Brokers say a recent Court of Appeal ruling on standard rental agreements provides clarity and will help avoid costly legal battles.
The case related to tenant Miss Taylor, who took out an assured shorthold tenancy agreement in February 2006 for a property in Chesterfield with landlord Mr Spencer.
Spencer served notice on Taylor in October 2011, but Taylor challenged whether she had been given proper notice.
The case came before the court last November, with the judge ruling in Taylor’s favour. But the Court of Appeal has now ruled in Spencer’s favour, stating that for rolling contracts following an assured shorthold tenancy, landlords can choose when the two months starts.
It was previously thought that under section 21 of the Housing Act 1988, landlords had to serve notice of possession starting from the beginning of the next period of tenancy.
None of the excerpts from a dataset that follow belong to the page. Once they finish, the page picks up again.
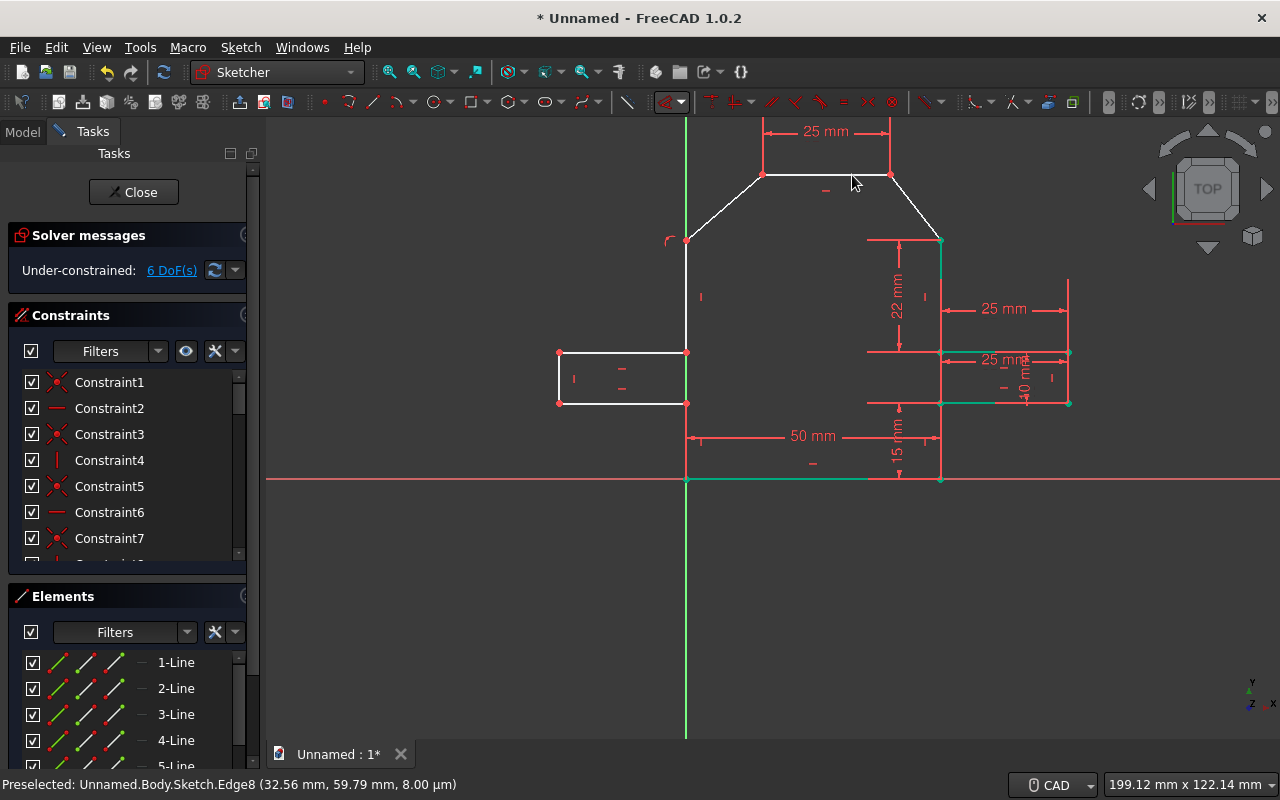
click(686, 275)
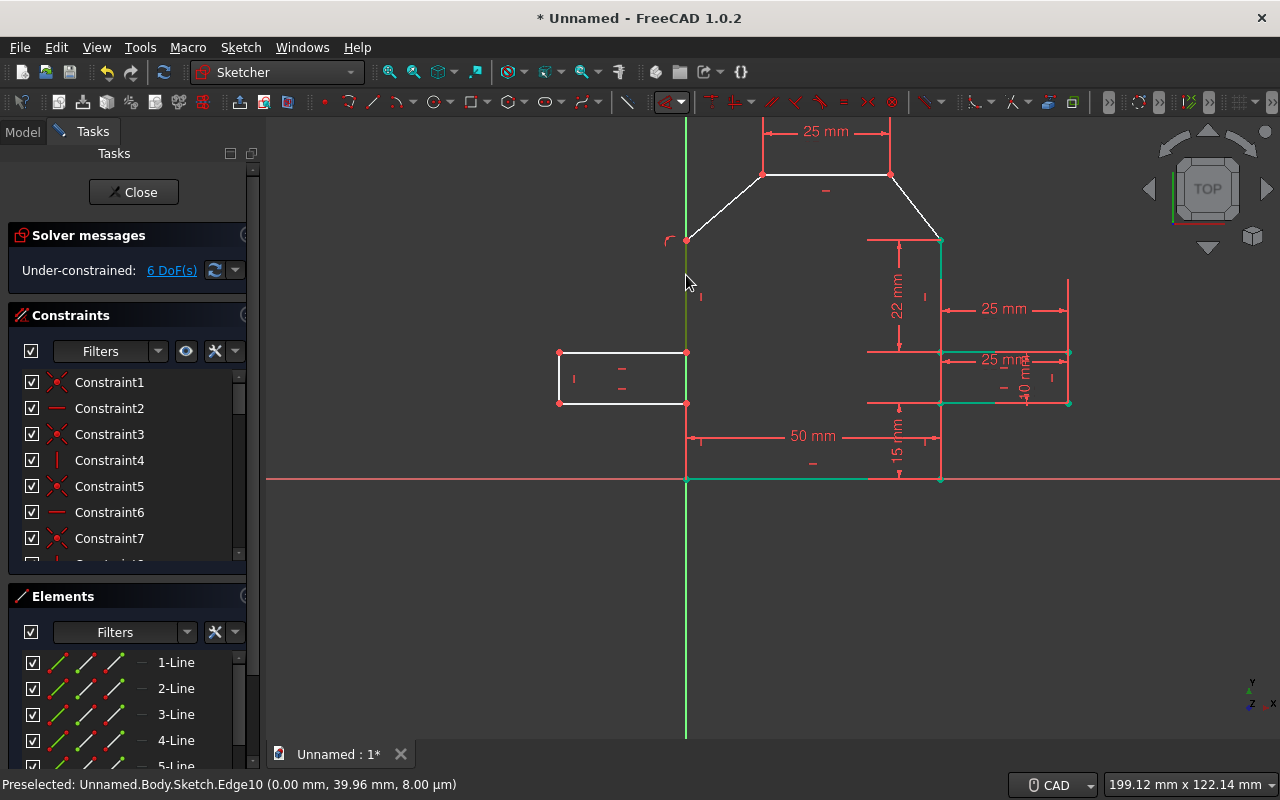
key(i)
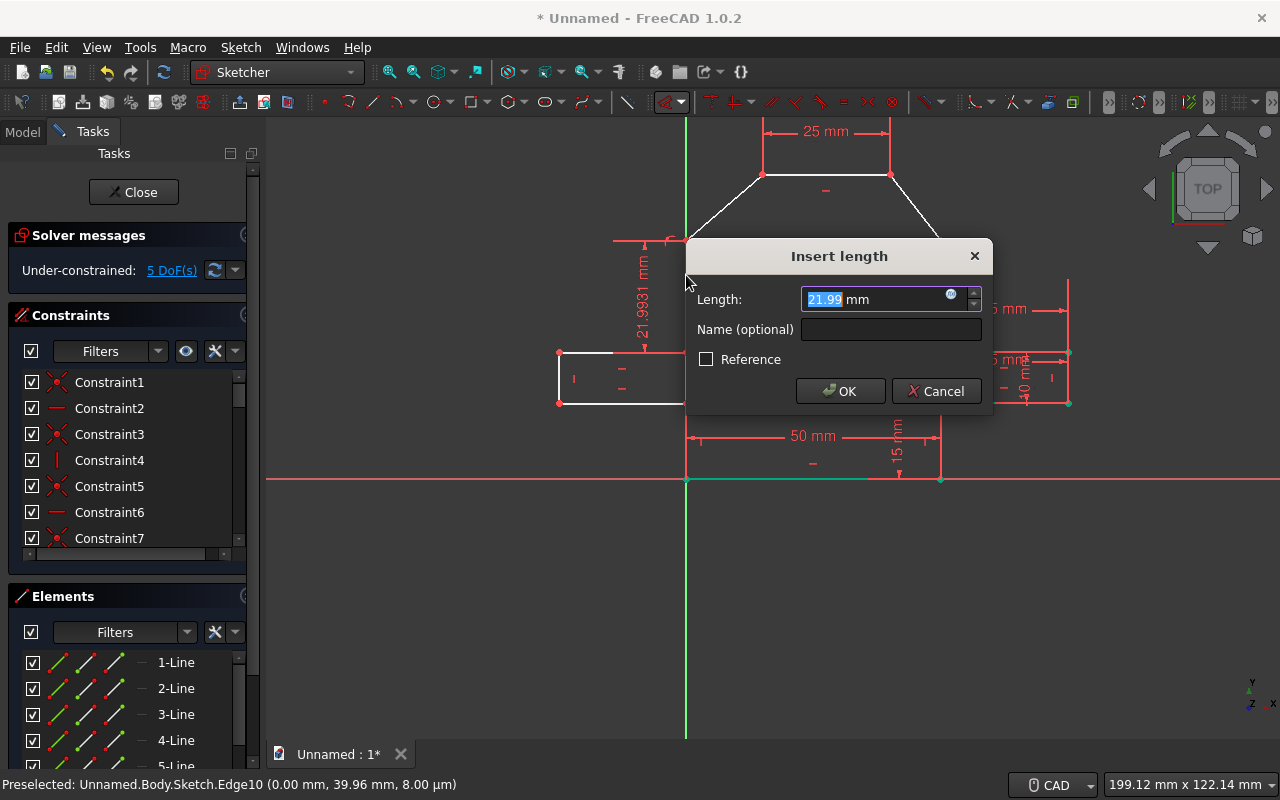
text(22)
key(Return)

For example, if rent is payable on the first of the month and notice is served on the second, it was thought the two-month notice period would not begin until the the first of the next month. The Court of Appeal has now ruled this is not the case.
Trinity Financial product and communications manager Aaron Strutt says: “This will not affect most private landlords who have smaller holdings but professional landlords who have a lot more tenants will definitely be boosted by this news.
“At that level of operation, property management firms should be looking after these kind of issues but a lack of diligence can result in a big financial costs and penalties. This should help ease that problem.”
Coreco director Andrew Montlake says: “A grey area has been cleared up here and for landlords with large portfolios, that could be hugely beneficial.
“The clarity this judgment gives for both landlords and tenants should help avoid those situations where there is a dispute about whether a landlord is acting within the law.”